Same as before, each processor first get its own ID number so that only one specific processor will run the post-process.

from optparse import OptionParser, Option, OptionValueError

def list_callback(option, opt, value, parser):
        setattr(parser.values, option.dest, value.split(','))

parser = OptionParser()
parser.add_option("-p", action="store", type="str", dest="proc_id")
(options, args) = parser.parse_args()
proc_id = str(options.proc_id)

Update checkpoint file

We will read the checkpoint_i_DONE.csv of each processor and write the tasks that have been done back into the master checkpoint file. The state of those tasks will be changed from False to True.

def update_checkpoint(file_path, processor_count):
    dict1 = {}
    dict2 = {}

    for i in range(processor_count):
        with open(file_path + "_Folder/checkpoint_" + str(i) + "_DONE.csv", "r", encoding="utf-8") as f:
            reader = csv.reader(f)
            names = [row for row in reader]
            del names[0]

            dict1.update({names[i][0]: "T" for i in range(len(names))})

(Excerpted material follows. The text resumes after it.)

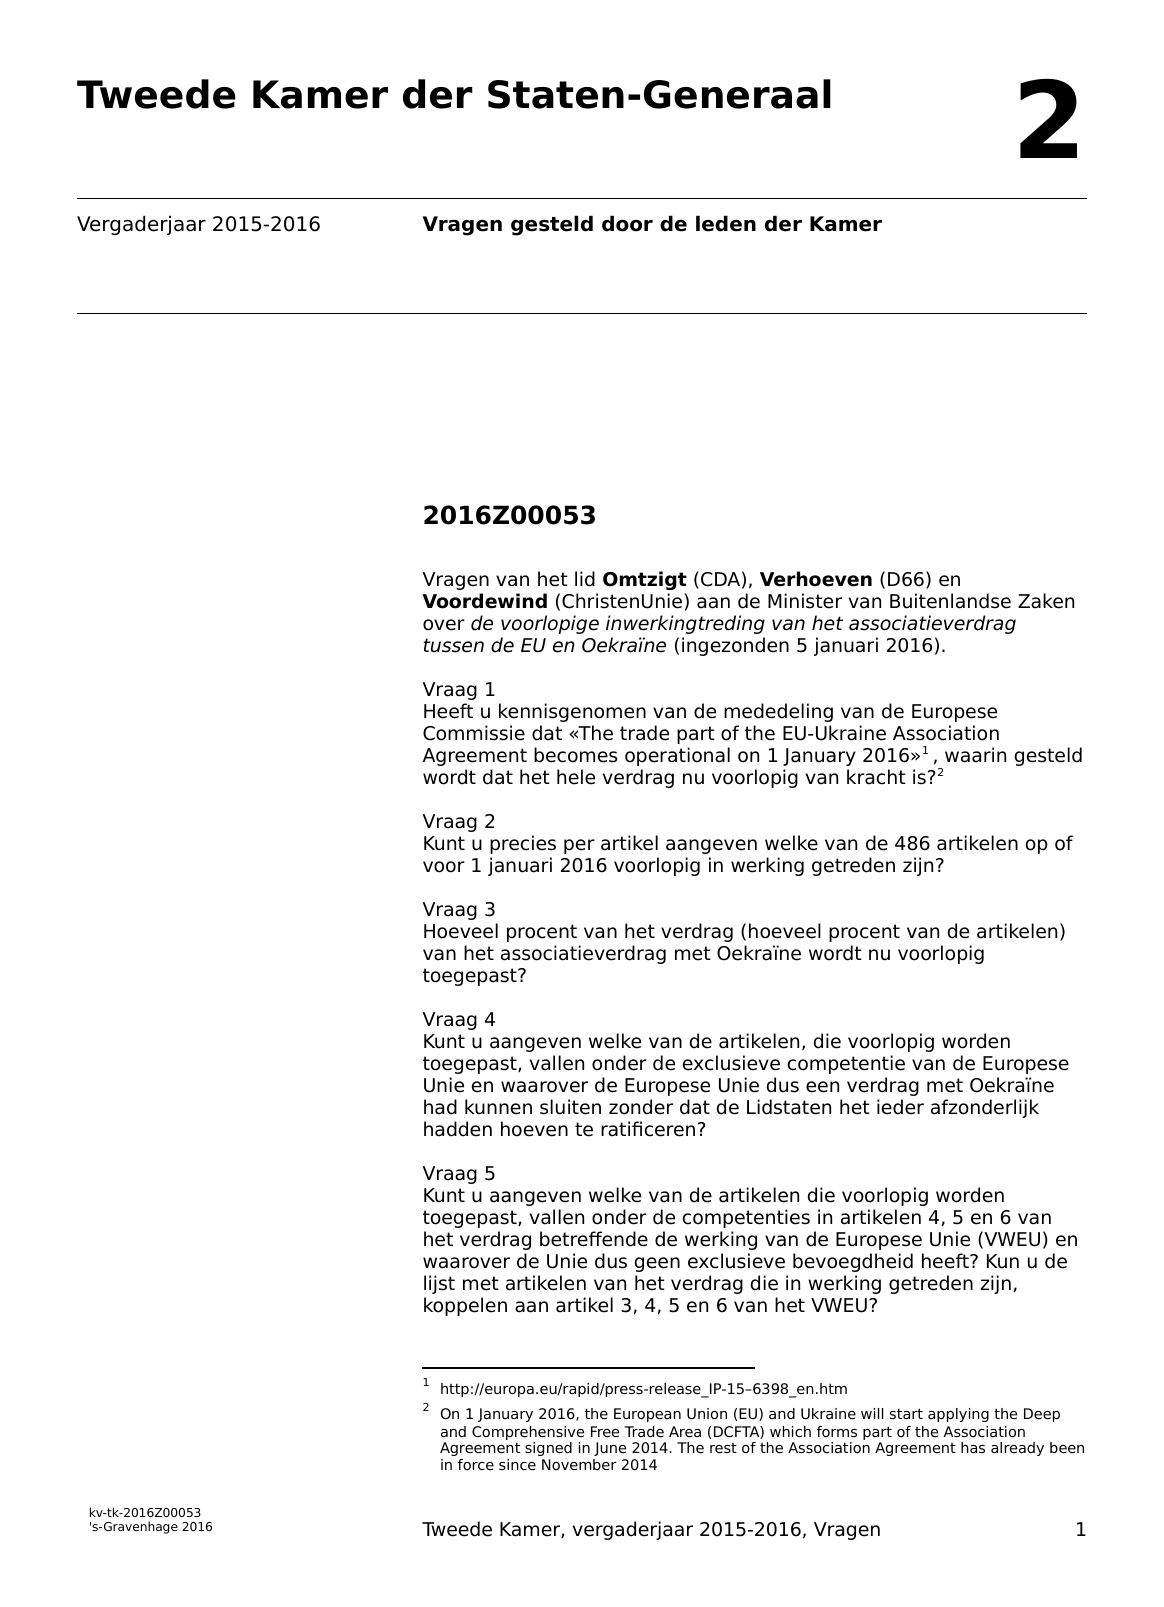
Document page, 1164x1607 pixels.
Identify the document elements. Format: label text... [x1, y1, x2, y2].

    with open(file_path + "_Folder/checkpoint.csv", "r", encoding="utf-8") as f:
        reader = csv.reader(f)
        names = [row for row in reader]
        del names[0]
        dict2 = {names[i][0]: names[i][1] for i in range(len(names))}

    for j in dict1.keys() & dict2.keys():
        dict2[j] = "T"

    with open(file_path + '_Folder/checkpoint.csv', 'w') as f:
        writer = csv.writer(f)
        writer.writerow(["File Path", "state"])
        writer.writerows(dict2.items())

post_process.py

We run post_process.py on Processor #0 to update all the checkpoint files.

import csv
import sys
import os

processor_count = int(sys.argv[1])
directory = str(sys.argv[2])

def post_process(rootDir, processor_count):
    for lists in os.listdir(rootDir):
        if not lists.startswith("."):
            path = os.path.join(rootDir, lists)
            if os.path.splitext(lists)[-1] == '.pdf':
                file_path = os.path.splitext(path)[0]
                if os.path.exists(file_path + "_Folder"):
                    update_checkpoint(file_path, processor_count)
                    os.remove(path)
            if os.path.isdir(path) and not path.endswith("_Folder"):
                post_process(path, processor_count)
if proc_id == "0":
    post_process(directory + '_input', processor_count)